_WHAT IS BEING ASKED_
Repeat every line from the line containing "Answer in this" to the end of the data, exactly. Leave the pictures out.

(Beginning of PROVIDED RECORDS)

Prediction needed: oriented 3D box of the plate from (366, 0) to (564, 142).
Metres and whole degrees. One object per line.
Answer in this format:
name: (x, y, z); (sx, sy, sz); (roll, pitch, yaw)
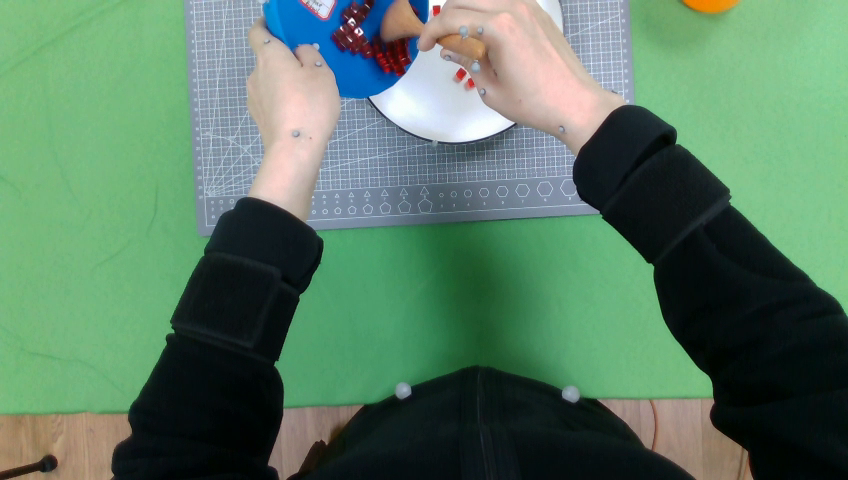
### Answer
plate: (0.031, -0.199, 0.595); (0.209, 0.038, 0.209); (0, 91, 3)

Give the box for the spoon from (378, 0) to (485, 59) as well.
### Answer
spoon: (0.003, -0.160, 0.458); (0.022, 0.191, 0.042); (20, 105, -34)

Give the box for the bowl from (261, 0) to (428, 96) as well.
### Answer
bowl: (-0.078, -0.202, 0.505); (0.076, 0.153, 0.151); (24, 92, 43)

(End of PROVIDED RECORDS)

_COMPLETED TASK_
Answer in this format:
name: (x, y, z); (sx, sy, sz); (roll, pitch, yaw)
### Answer
plate: (0.031, -0.199, 0.595); (0.209, 0.038, 0.209); (0, 91, 3)

Give the box for the spoon from (378, 0) to (485, 59) as well.
### Answer
spoon: (0.003, -0.160, 0.458); (0.022, 0.191, 0.042); (20, 105, -34)

Give the box for the bowl from (261, 0) to (428, 96) as well.
### Answer
bowl: (-0.078, -0.202, 0.505); (0.076, 0.153, 0.151); (24, 92, 43)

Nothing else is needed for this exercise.